◆ **WORK ORDER**:
Copy each line below exactly and leave the pictures out.

◆ **DATA RECORDS**:

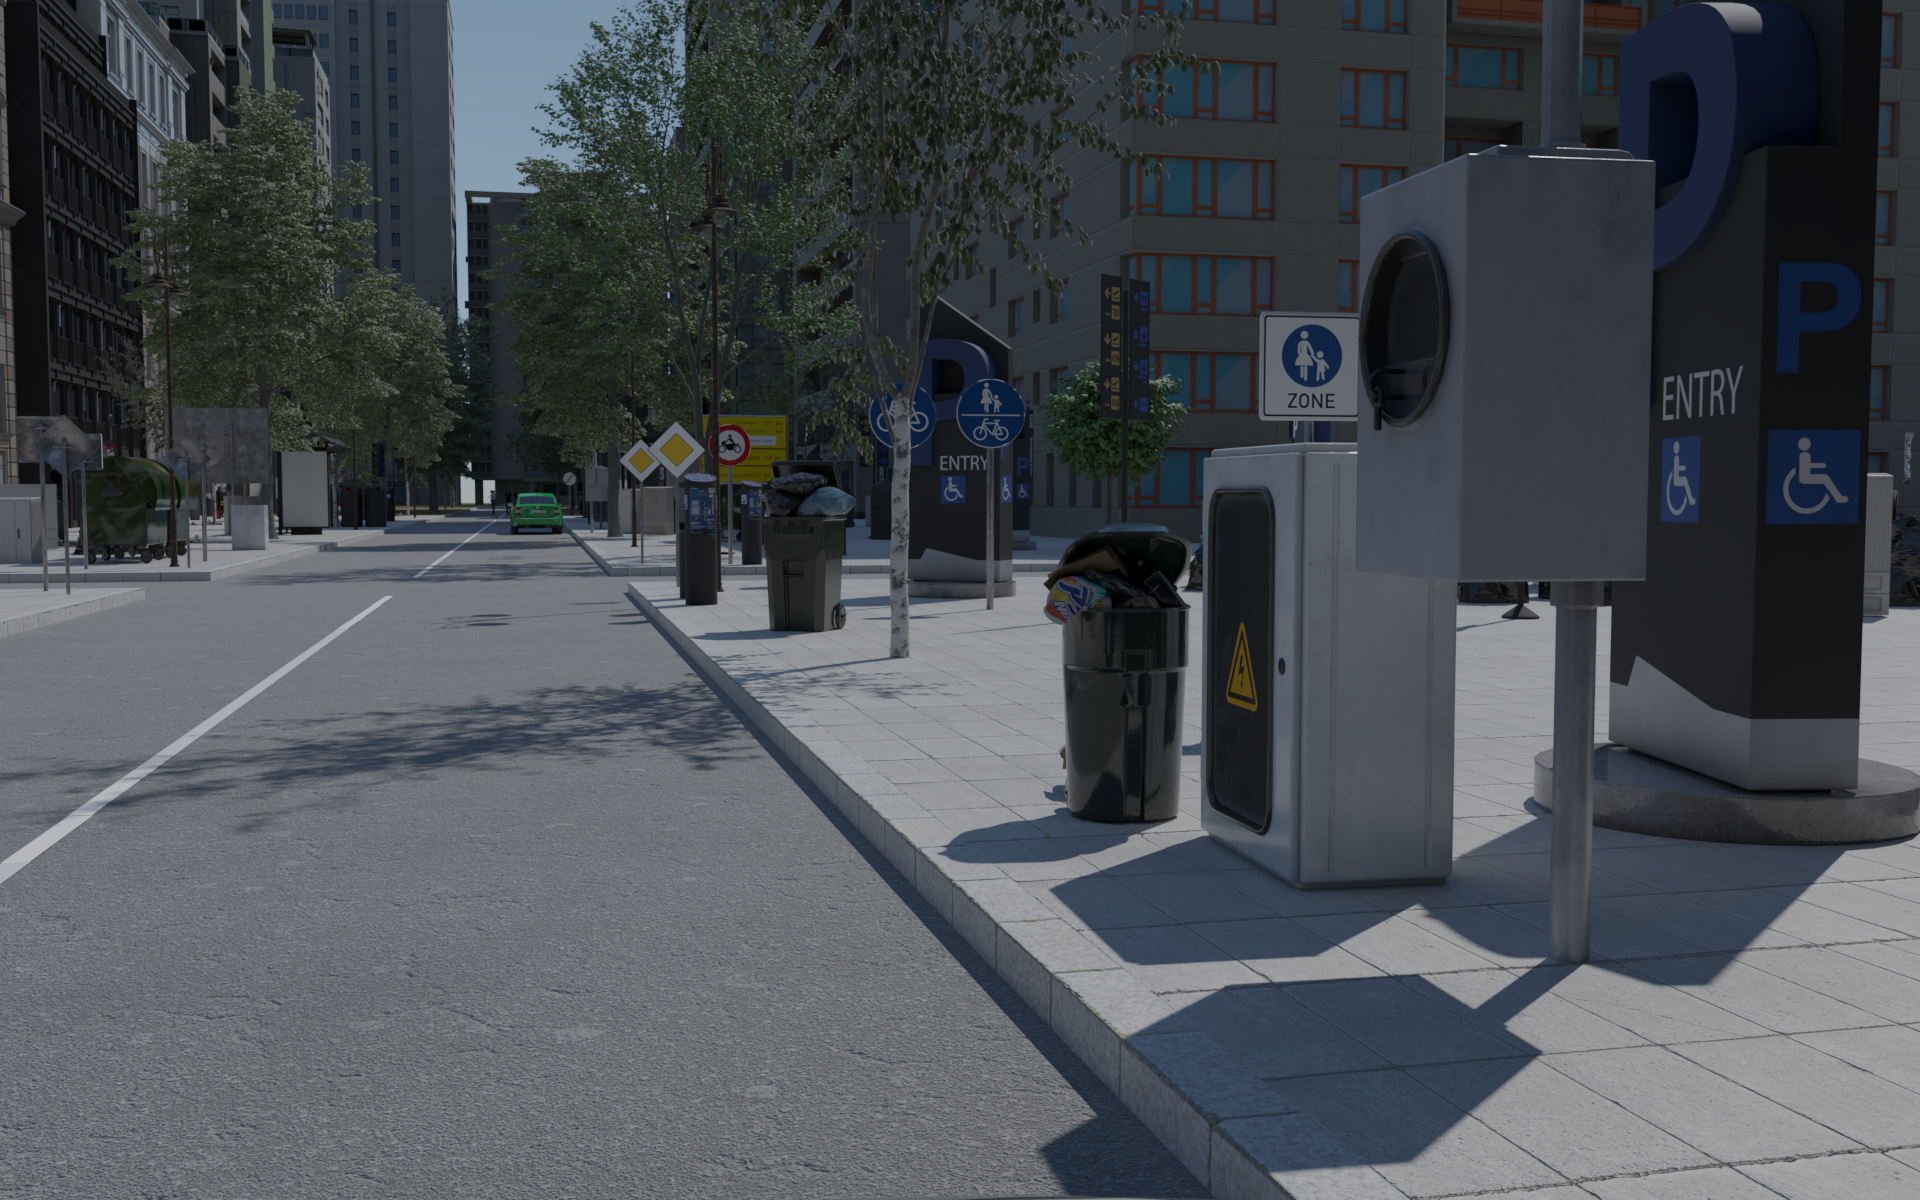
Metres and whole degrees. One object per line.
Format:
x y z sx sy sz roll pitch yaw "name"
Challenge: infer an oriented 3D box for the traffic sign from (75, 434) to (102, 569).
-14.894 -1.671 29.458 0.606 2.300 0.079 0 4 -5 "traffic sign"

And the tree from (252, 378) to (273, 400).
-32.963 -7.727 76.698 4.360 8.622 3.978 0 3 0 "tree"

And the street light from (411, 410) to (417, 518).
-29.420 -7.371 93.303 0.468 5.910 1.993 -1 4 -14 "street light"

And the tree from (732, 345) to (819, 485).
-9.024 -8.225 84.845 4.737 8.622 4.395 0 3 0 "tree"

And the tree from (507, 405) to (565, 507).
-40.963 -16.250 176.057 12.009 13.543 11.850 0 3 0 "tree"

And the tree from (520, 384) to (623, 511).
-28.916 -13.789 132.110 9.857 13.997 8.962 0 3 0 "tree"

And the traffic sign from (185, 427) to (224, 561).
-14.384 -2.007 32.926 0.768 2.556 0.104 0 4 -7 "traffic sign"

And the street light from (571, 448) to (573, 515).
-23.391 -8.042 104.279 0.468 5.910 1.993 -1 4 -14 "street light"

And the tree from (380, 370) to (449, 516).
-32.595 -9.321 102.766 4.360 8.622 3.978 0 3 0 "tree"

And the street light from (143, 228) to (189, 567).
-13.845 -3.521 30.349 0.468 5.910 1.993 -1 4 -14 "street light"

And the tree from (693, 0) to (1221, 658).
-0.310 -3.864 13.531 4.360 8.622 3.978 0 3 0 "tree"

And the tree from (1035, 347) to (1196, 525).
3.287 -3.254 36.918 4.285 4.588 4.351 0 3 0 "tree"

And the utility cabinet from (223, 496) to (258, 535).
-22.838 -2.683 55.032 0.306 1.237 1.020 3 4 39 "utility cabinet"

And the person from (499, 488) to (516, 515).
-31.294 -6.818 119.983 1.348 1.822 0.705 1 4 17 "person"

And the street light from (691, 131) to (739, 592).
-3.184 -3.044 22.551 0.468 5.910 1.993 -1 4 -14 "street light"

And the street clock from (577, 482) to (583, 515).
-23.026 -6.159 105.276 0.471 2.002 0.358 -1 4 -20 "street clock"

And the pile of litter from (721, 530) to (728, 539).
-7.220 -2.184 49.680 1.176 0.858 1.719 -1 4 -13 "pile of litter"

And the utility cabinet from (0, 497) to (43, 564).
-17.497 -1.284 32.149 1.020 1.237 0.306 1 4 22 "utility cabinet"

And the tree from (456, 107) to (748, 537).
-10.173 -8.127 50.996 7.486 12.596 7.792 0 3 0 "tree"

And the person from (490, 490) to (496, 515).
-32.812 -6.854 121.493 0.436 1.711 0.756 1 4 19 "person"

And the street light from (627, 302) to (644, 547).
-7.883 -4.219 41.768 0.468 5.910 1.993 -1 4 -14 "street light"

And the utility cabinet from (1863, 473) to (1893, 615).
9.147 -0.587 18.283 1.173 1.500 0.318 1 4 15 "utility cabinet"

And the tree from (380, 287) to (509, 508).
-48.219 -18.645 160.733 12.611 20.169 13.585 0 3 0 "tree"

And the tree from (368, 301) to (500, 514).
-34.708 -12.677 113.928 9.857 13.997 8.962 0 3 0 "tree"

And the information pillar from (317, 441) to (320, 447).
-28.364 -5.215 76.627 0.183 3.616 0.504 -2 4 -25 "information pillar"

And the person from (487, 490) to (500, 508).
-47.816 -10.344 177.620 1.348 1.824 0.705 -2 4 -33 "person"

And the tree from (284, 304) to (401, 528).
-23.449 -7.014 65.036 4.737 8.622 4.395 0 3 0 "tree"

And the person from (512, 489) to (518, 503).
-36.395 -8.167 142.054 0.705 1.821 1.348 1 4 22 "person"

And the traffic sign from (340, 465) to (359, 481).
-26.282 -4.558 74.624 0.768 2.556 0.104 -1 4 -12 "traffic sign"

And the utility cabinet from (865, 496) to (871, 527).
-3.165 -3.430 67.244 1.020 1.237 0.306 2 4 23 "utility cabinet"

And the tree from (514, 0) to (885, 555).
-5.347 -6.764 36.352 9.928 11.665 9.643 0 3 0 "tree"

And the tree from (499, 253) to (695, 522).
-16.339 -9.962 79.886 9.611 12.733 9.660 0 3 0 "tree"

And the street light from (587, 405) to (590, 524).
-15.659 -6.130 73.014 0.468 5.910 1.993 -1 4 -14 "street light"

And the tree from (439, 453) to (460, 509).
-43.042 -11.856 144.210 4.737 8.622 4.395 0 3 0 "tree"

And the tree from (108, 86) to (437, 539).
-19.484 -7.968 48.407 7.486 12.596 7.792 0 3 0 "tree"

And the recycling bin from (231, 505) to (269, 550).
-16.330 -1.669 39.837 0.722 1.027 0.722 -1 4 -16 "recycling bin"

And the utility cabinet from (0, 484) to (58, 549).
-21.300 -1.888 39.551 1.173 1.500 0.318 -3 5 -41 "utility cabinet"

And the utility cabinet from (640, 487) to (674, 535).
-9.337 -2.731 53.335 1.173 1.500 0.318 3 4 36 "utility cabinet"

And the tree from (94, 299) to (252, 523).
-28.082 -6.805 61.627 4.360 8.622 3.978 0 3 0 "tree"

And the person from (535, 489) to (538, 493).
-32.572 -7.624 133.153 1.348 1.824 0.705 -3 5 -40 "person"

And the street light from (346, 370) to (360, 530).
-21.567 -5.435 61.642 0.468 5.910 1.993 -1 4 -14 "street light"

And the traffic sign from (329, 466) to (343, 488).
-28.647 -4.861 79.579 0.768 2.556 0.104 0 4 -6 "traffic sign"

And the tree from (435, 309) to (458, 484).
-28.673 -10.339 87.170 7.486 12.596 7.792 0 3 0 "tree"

◆ **YOUR SOLUTION**:
Metres and whole degrees. One object per line.
Format:
x y z sx sy sz roll pitch yaw "name"
Challenge: infer an oriented 3D box for the traffic sign from (75, 434) to (102, 569).
-14.894 -1.671 29.458 0.606 2.300 0.079 0 4 -5 "traffic sign"

And the tree from (252, 378) to (273, 400).
-32.963 -7.727 76.698 4.360 8.622 3.978 0 3 0 "tree"

And the street light from (411, 410) to (417, 518).
-29.420 -7.371 93.303 0.468 5.910 1.993 -1 4 -14 "street light"

And the tree from (732, 345) to (819, 485).
-9.024 -8.225 84.845 4.737 8.622 4.395 0 3 0 "tree"

And the tree from (507, 405) to (565, 507).
-40.963 -16.250 176.057 12.009 13.543 11.850 0 3 0 "tree"

And the tree from (520, 384) to (623, 511).
-28.916 -13.789 132.110 9.857 13.997 8.962 0 3 0 "tree"

And the traffic sign from (185, 427) to (224, 561).
-14.384 -2.007 32.926 0.768 2.556 0.104 0 4 -7 "traffic sign"

And the street light from (571, 448) to (573, 515).
-23.391 -8.042 104.279 0.468 5.910 1.993 -1 4 -14 "street light"

And the tree from (380, 370) to (449, 516).
-32.595 -9.321 102.766 4.360 8.622 3.978 0 3 0 "tree"

And the street light from (143, 228) to (189, 567).
-13.845 -3.521 30.349 0.468 5.910 1.993 -1 4 -14 "street light"

And the tree from (693, 0) to (1221, 658).
-0.310 -3.864 13.531 4.360 8.622 3.978 0 3 0 "tree"

And the tree from (1035, 347) to (1196, 525).
3.287 -3.254 36.918 4.285 4.588 4.351 0 3 0 "tree"

And the utility cabinet from (223, 496) to (258, 535).
-22.838 -2.683 55.032 0.306 1.237 1.020 3 4 39 "utility cabinet"

And the person from (499, 488) to (516, 515).
-31.294 -6.818 119.983 1.348 1.822 0.705 1 4 17 "person"

And the street light from (691, 131) to (739, 592).
-3.184 -3.044 22.551 0.468 5.910 1.993 -1 4 -14 "street light"

And the street clock from (577, 482) to (583, 515).
-23.026 -6.159 105.276 0.471 2.002 0.358 -1 4 -20 "street clock"

And the pile of litter from (721, 530) to (728, 539).
-7.220 -2.184 49.680 1.176 0.858 1.719 -1 4 -13 "pile of litter"

And the utility cabinet from (0, 497) to (43, 564).
-17.497 -1.284 32.149 1.020 1.237 0.306 1 4 22 "utility cabinet"

And the tree from (456, 107) to (748, 537).
-10.173 -8.127 50.996 7.486 12.596 7.792 0 3 0 "tree"

And the person from (490, 490) to (496, 515).
-32.812 -6.854 121.493 0.436 1.711 0.756 1 4 19 "person"

And the street light from (627, 302) to (644, 547).
-7.883 -4.219 41.768 0.468 5.910 1.993 -1 4 -14 "street light"

And the utility cabinet from (1863, 473) to (1893, 615).
9.147 -0.587 18.283 1.173 1.500 0.318 1 4 15 "utility cabinet"

And the tree from (380, 287) to (509, 508).
-48.219 -18.645 160.733 12.611 20.169 13.585 0 3 0 "tree"

And the tree from (368, 301) to (500, 514).
-34.708 -12.677 113.928 9.857 13.997 8.962 0 3 0 "tree"

And the information pillar from (317, 441) to (320, 447).
-28.364 -5.215 76.627 0.183 3.616 0.504 -2 4 -25 "information pillar"

And the person from (487, 490) to (500, 508).
-47.816 -10.344 177.620 1.348 1.824 0.705 -2 4 -33 "person"

And the tree from (284, 304) to (401, 528).
-23.449 -7.014 65.036 4.737 8.622 4.395 0 3 0 "tree"

And the person from (512, 489) to (518, 503).
-36.395 -8.167 142.054 0.705 1.821 1.348 1 4 22 "person"

And the traffic sign from (340, 465) to (359, 481).
-26.282 -4.558 74.624 0.768 2.556 0.104 -1 4 -12 "traffic sign"

And the utility cabinet from (865, 496) to (871, 527).
-3.165 -3.430 67.244 1.020 1.237 0.306 2 4 23 "utility cabinet"

And the tree from (514, 0) to (885, 555).
-5.347 -6.764 36.352 9.928 11.665 9.643 0 3 0 "tree"

And the tree from (499, 253) to (695, 522).
-16.339 -9.962 79.886 9.611 12.733 9.660 0 3 0 "tree"

And the street light from (587, 405) to (590, 524).
-15.659 -6.130 73.014 0.468 5.910 1.993 -1 4 -14 "street light"

And the tree from (439, 453) to (460, 509).
-43.042 -11.856 144.210 4.737 8.622 4.395 0 3 0 "tree"

And the tree from (108, 86) to (437, 539).
-19.484 -7.968 48.407 7.486 12.596 7.792 0 3 0 "tree"

And the recycling bin from (231, 505) to (269, 550).
-16.330 -1.669 39.837 0.722 1.027 0.722 -1 4 -16 "recycling bin"

And the utility cabinet from (0, 484) to (58, 549).
-21.300 -1.888 39.551 1.173 1.500 0.318 -3 5 -41 "utility cabinet"

And the utility cabinet from (640, 487) to (674, 535).
-9.337 -2.731 53.335 1.173 1.500 0.318 3 4 36 "utility cabinet"

And the tree from (94, 299) to (252, 523).
-28.082 -6.805 61.627 4.360 8.622 3.978 0 3 0 "tree"

And the person from (535, 489) to (538, 493).
-32.572 -7.624 133.153 1.348 1.824 0.705 -3 5 -40 "person"

And the street light from (346, 370) to (360, 530).
-21.567 -5.435 61.642 0.468 5.910 1.993 -1 4 -14 "street light"

And the traffic sign from (329, 466) to (343, 488).
-28.647 -4.861 79.579 0.768 2.556 0.104 0 4 -6 "traffic sign"

And the tree from (435, 309) to (458, 484).
-28.673 -10.339 87.170 7.486 12.596 7.792 0 3 0 "tree"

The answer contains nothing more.